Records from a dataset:
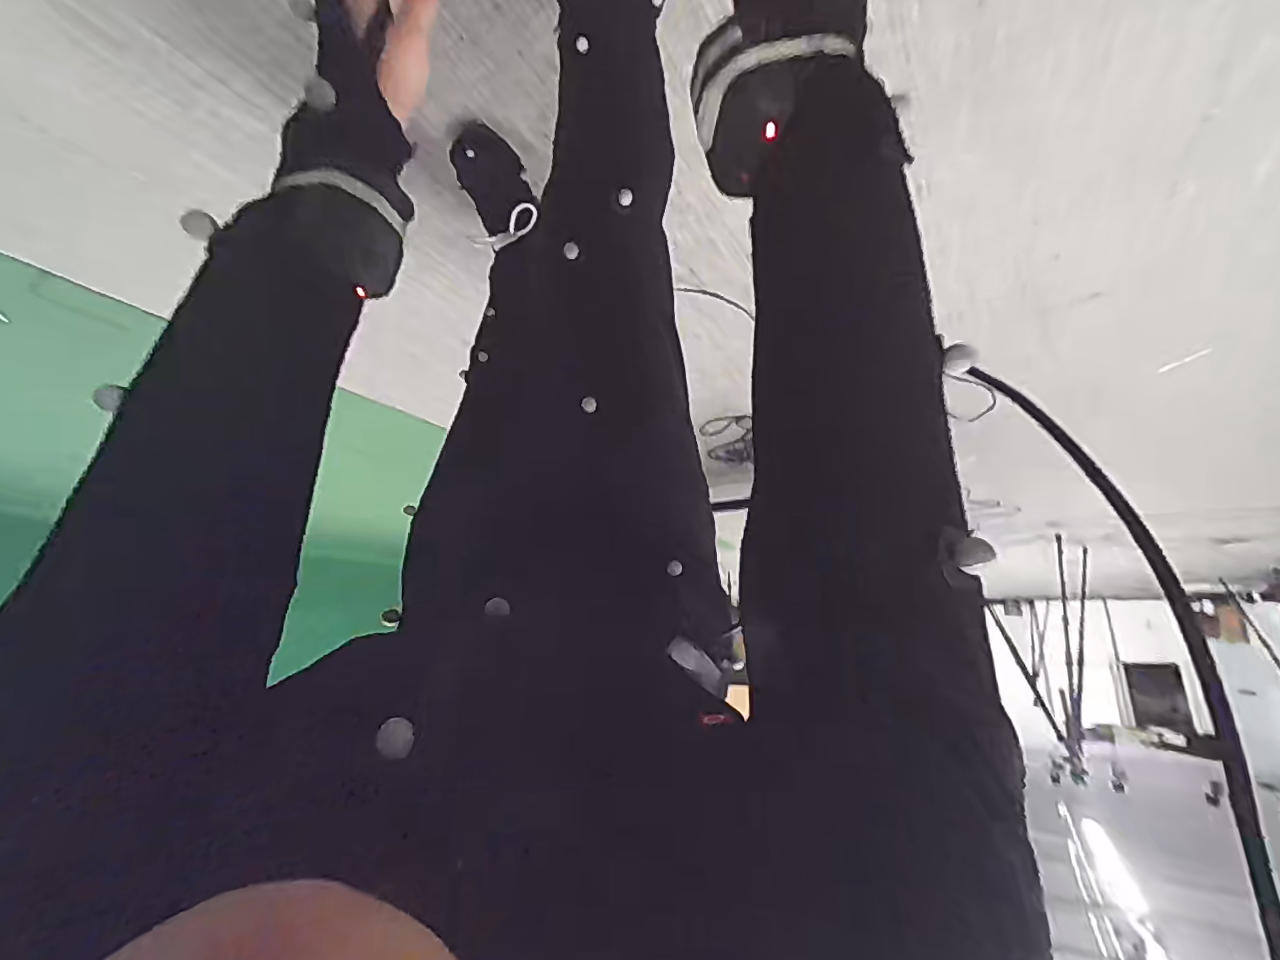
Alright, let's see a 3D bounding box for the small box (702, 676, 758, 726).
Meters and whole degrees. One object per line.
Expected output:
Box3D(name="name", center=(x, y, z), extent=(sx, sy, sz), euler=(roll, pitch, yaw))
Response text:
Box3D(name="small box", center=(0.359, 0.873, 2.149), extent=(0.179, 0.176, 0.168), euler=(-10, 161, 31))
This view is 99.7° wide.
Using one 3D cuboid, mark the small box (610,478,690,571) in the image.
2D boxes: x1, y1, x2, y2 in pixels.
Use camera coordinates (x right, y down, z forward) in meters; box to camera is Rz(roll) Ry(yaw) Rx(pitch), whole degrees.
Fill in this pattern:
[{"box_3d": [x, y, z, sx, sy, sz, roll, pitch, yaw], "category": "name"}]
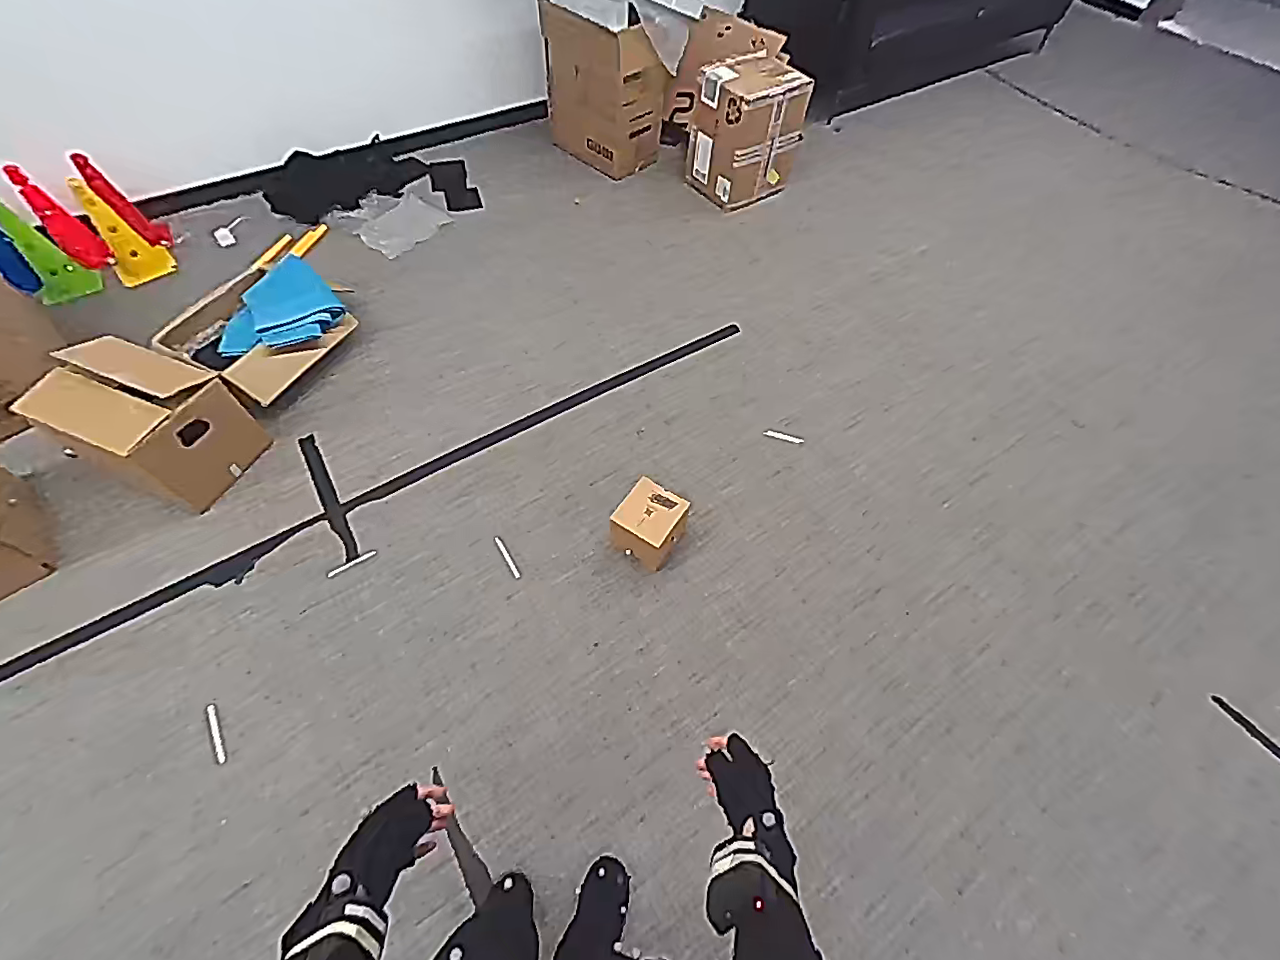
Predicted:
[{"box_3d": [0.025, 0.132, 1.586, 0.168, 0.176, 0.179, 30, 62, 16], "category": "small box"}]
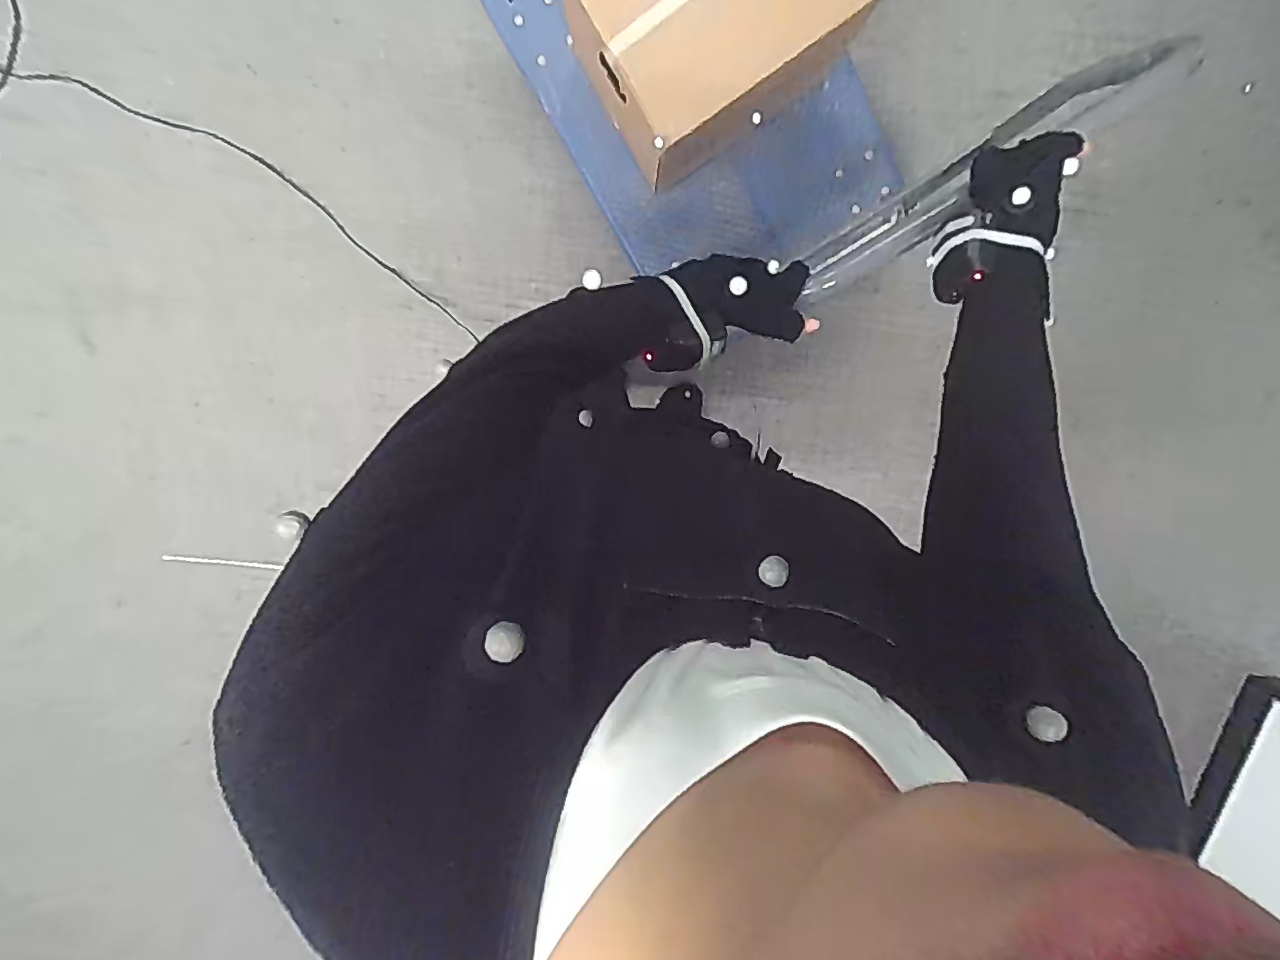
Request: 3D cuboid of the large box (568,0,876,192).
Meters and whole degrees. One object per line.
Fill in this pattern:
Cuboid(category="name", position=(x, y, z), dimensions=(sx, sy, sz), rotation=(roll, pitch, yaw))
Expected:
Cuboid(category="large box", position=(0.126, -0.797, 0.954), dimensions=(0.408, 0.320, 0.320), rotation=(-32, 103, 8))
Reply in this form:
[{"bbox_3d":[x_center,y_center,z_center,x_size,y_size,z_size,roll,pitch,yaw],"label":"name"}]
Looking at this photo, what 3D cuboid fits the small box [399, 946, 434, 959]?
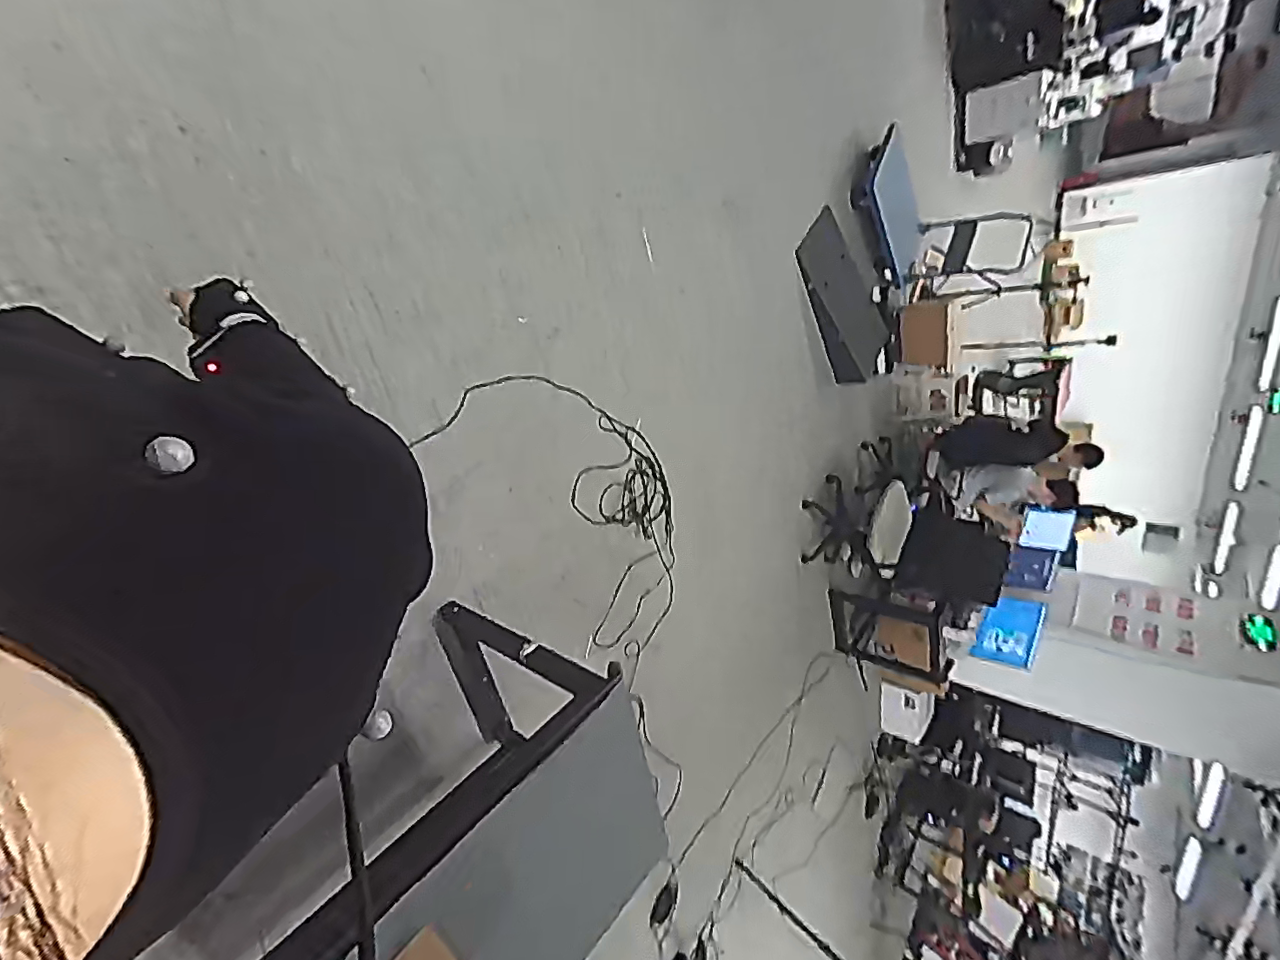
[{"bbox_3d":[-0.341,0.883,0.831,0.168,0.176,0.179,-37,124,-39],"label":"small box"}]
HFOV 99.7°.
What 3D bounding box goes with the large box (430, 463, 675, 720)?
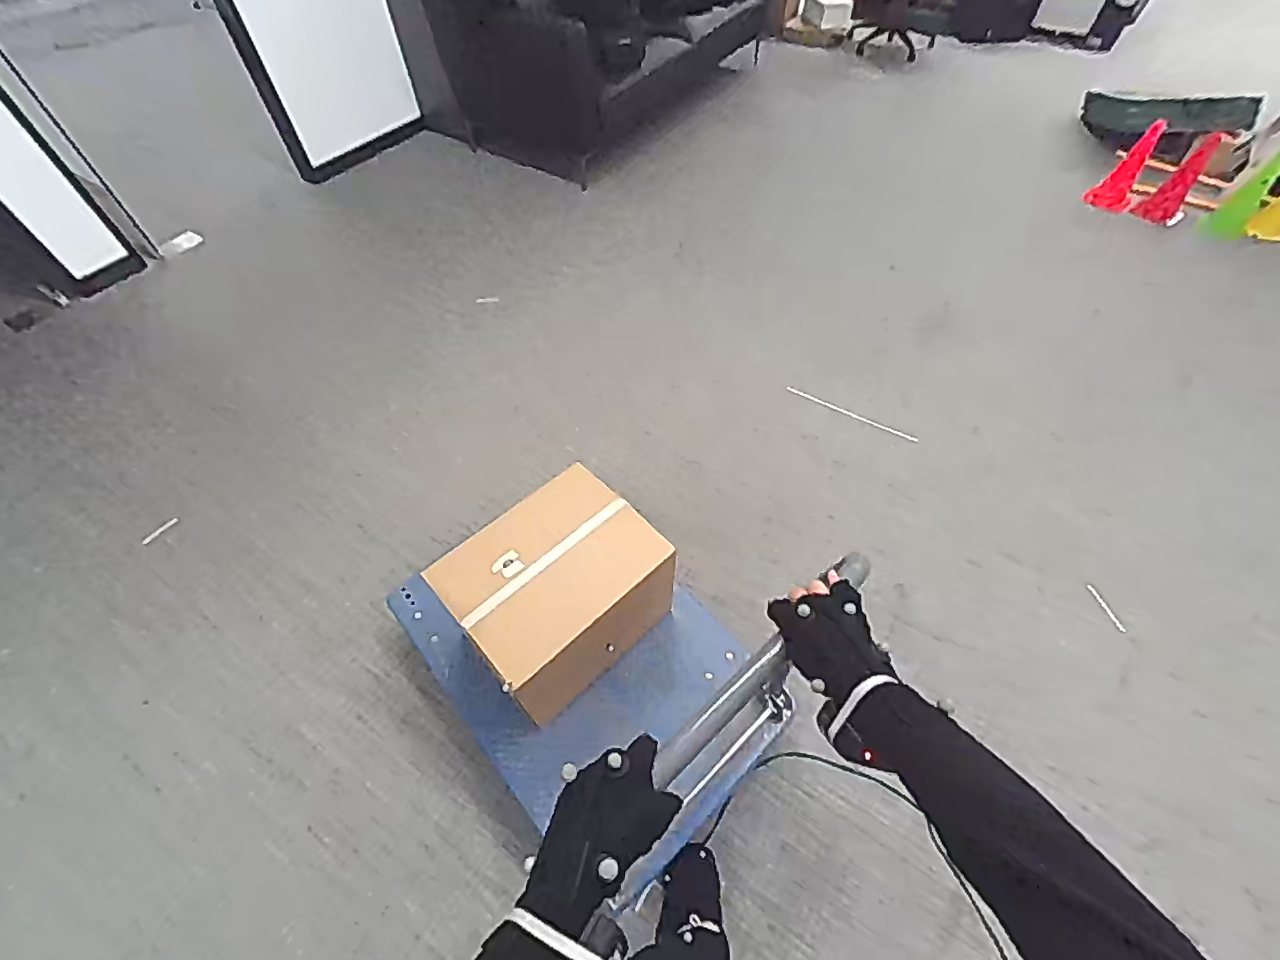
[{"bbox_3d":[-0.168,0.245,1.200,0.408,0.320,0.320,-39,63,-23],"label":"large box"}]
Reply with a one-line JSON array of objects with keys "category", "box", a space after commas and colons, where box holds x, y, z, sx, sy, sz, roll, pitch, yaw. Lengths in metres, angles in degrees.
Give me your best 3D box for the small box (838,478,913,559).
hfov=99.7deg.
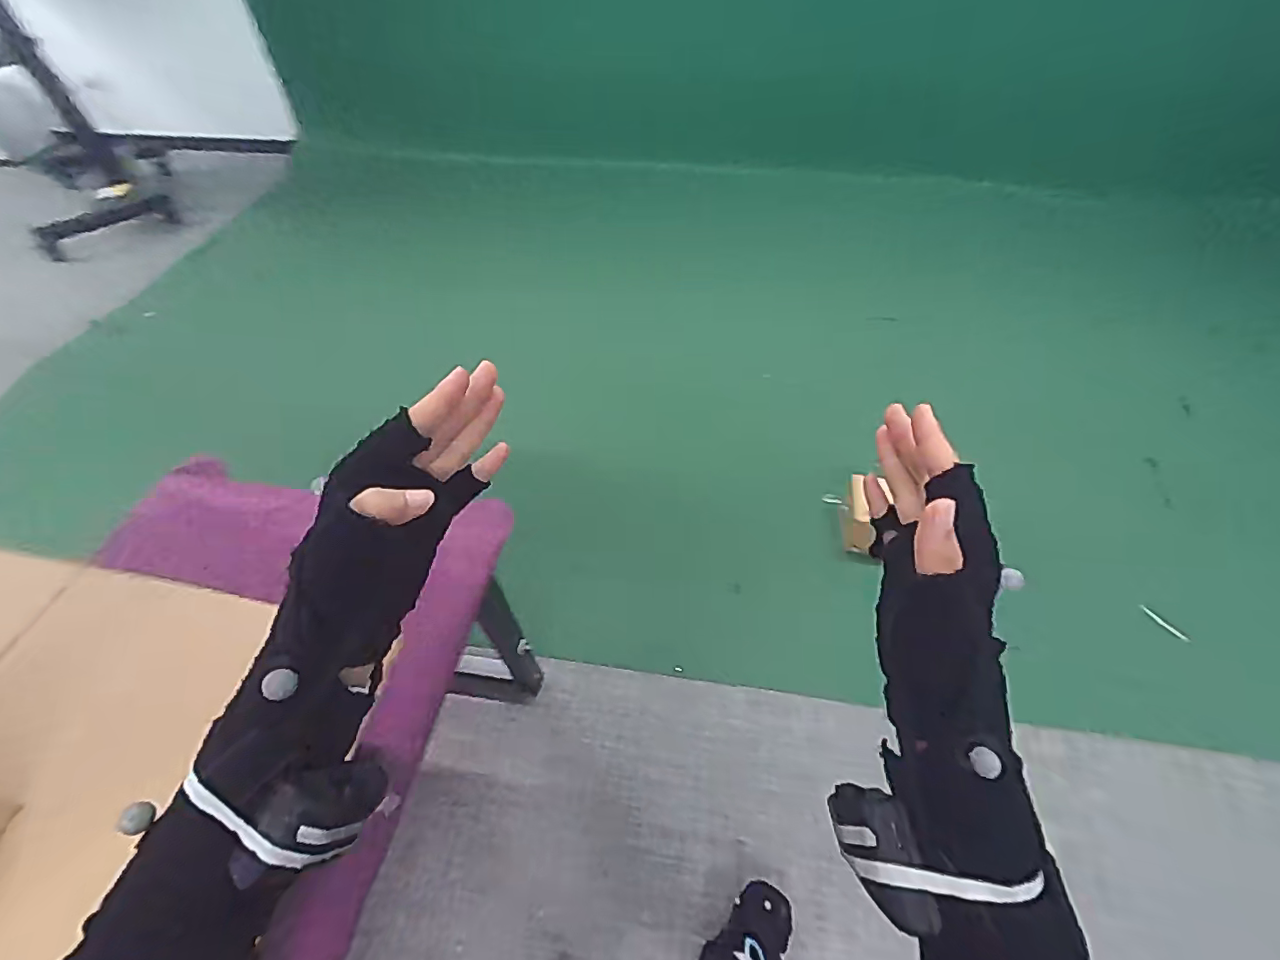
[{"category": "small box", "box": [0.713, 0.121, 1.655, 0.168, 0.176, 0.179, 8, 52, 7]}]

Exercise =>
A word-for-word repetition of the data above, without pictures, is the expected answer.

Completed exercise =>
Alright, let's see a 3D bounding box for the small box (702, 676, 758, 726).
Meters and whole degrees. One object per line.
Expected output:
Box3D(name="name", center=(x, y, z), extent=(sx, sy, sz), euler=(roll, pitch, yaw))
Response text:
Box3D(name="small box", center=(0.359, 0.873, 2.149), extent=(0.179, 0.176, 0.168), euler=(-10, 161, 31))
This view is 99.7° wide.
Using one 3D cuboid, mark the small box (610,478,690,571) in the image.
2D boxes: x1, y1, x2, y2 in pixels.
Use camera coordinates (x right, y down, z forward) in meters; box to camera is Rz(roll) Ry(yaw) Rx(pitch), whole degrees.
Fill in this pattern:
[{"box_3d": [x, y, z, sx, sy, sz, roll, pitch, yaw], "category": "name"}]
Predicted:
[{"box_3d": [0.025, 0.132, 1.586, 0.168, 0.176, 0.179, 30, 62, 16], "category": "small box"}]
Request: 3D cuboid of the large box (568,0,876,192).
Meters and whole degrees. One object per line.
Fill in this pattern:
Cuboid(category="name", position=(x, y, z), dimensions=(sx, sy, sz), rotation=(roll, pitch, yaw))
Expected:
Cuboid(category="large box", position=(0.126, -0.797, 0.954), dimensions=(0.408, 0.320, 0.320), rotation=(-32, 103, 8))
Reply in this form:
[{"bbox_3d":[x_center,y_center,z_center,x_size,y_size,z_size,roll,pitch,yaw],"label":"name"}]
Looking at this photo, what 3D cuboid fits the small box [399, 946, 434, 959]?
[{"bbox_3d":[-0.341,0.883,0.831,0.168,0.176,0.179,-37,124,-39],"label":"small box"}]
HFOV 99.7°.
What 3D bounding box goes with the large box (430, 463, 675, 720)?
[{"bbox_3d":[-0.168,0.245,1.200,0.408,0.320,0.320,-39,63,-23],"label":"large box"}]
Reply with a one-line JSON array of objects with keys "category", "box", a space after commas and colons, where box holds x, y, z, sx, sy, sz, roll, pitch, yaw. Lengths in metres, angles in degrees.
Give me your best 3D box for the small box (838,478,913,559).
hfov=99.7deg.
[{"category": "small box", "box": [0.713, 0.121, 1.655, 0.168, 0.176, 0.179, 8, 52, 7]}]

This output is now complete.